В приведённой выше цитате — квинтэссенция юмовской теории познания, да и всей философии в целом. Действительно — ум (разум или рассудок) способен ставить вопросы о своих собственных принципах и своей собственной практике, но такая постановка вопроса способна полностью блокировать деятельность ума, подобно тому как попытка осмыслить процедуру хождения сделает невозможным прохождение (на практике) хотя бы одного шага. Ум, таким образом, может лишь обнаружить для самого себя свои собственные пределы, но не способен их преодолеть, оставаясь внутри построений собственной способности воображения, хотя и питая иллюзии, что воображаемые миры выводят ум к трансцендентному. Тем не менее, ум получает в свои руки очень важное достижение: он понимает отличие реального положения дел (в потоке впечатлений) от своих собственных фантазий.

Ключом же к решению проблемы является не ум, который уже достаточно, на первый взгляд, дезавуирован Юмом (а вместе с умом — и рационалистическая линия эмпиризма в лице Дж. Локка и даже в какой-то степени Т.Гоббса), но человеческая природа, исследование которой не исчерпывается проблемами гносеологии. Дело, однако, в том, что Юм нисколько (как думает он сам) не дезавуирует ум — он лишь показывает его зависимость о чего-то более фундаментального: от человеческой природы и, шире, от природы вообще. Ум здесь не низводится, но возвышается — в своём самопонимании и самоограничении. Это уже не догматический ум обыденного обывательского «здравого смысла», слепо следующий за природой (хотя для обычного человека и этого предостаточно), но ум понимающий невозможность достижения в своих положениях искомого абсолютного знания, понимающий собственную принципиальную открытость и незавершённость.

Этика и социальная философия

Как и задумывал Юм, теория познания и исходная скептическая установка стали своеобразным стартовым трамплином для решения проблем морали и нравственности (вторая (учение об аффектах), третья (учение о морали) и четвёртая (учение об обществе, религии, политике и т. д.) части «Трактата о человеческой природе»), однако продолжение учения Юма не собрало и сотой доли внимания критики, направленной на его гносеологию и онтологию. Более того, уже после выхода «Трактата…» Юм был вынужден снова и снова разъяснять положения своей теории познания, и даже готовя сокращённое изложение «Трактата…» он последние части оставил за скобками просто проанонсировав их наличие.

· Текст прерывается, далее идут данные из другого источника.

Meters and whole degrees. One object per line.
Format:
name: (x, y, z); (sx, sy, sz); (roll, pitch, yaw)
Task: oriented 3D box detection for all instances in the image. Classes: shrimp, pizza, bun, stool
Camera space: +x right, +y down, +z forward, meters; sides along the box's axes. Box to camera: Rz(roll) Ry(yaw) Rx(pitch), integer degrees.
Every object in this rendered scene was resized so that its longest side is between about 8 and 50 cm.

Тем не менее, проблемы этики и социальной философии составляют едва ли не главную часть всего учения Юма, вызывая живой авторский интерес на всем протяжении его философского творчества. Помимо «Трактата…» Юм обращается к морально-нравственным, социальным и политическим проблемам в многочисленных эссе, большинство из которых сохранилось до наших дней и было опубликовано ещё при жизни Юма.

Обоснование морали

Во всех работах, посвящённым проблемам нравственной и социально-политической философии, Юм сохраняет ту установку, которую он сформулировал в конце первой книги «Трактата…», хотя в дальнейшем он будет тщательнее сглаживать углы в данном вопросе: человек является частью природы и должен доверять ей и жить в гармонии с ней. Иначе говоря, человек (человеческий ум) не может в этой жизни рассчитывать на самого себя — у него нет иного выхода, кроме как полагаться на опыт и пользоваться им.

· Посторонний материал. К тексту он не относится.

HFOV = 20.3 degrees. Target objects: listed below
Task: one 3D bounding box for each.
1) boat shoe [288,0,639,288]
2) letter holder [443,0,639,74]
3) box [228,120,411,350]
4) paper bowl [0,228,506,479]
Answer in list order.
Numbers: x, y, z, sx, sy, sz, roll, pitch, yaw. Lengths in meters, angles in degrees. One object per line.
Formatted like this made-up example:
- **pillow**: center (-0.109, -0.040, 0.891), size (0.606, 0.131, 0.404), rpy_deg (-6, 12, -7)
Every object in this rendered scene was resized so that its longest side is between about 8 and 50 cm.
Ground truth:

Здесь необходимо внести ещё несколько важных замечаний:

а) обычный человек-обыватель, руководствующийся здравым умом, уже фактически осуществляет проект доверия к природе, но делает это спонтанно, под влиянием обстоятельств, не понимая ни сути, ни характера такого доверия; это может быть источником непрочности веры, попыток человека действовать помимо природы, самостоятельно и т. д.;

б) философский ум должен стремиться не к освобождению от природы (и, тем более, не укреплять эту опасную иллюзию), но к пониманию своей собственной глубокой заинтересованности в природе, которая способна дать человеку все, что ему необходимо для жизни, в том числе, и понимание собственного и природного внутреннего и внешнего устройства; задачей философии становится, таким образом, не преобразование природы или освобождение от неё, но демонстрации её положительной силы и роли в самом процессе человеческого бытия.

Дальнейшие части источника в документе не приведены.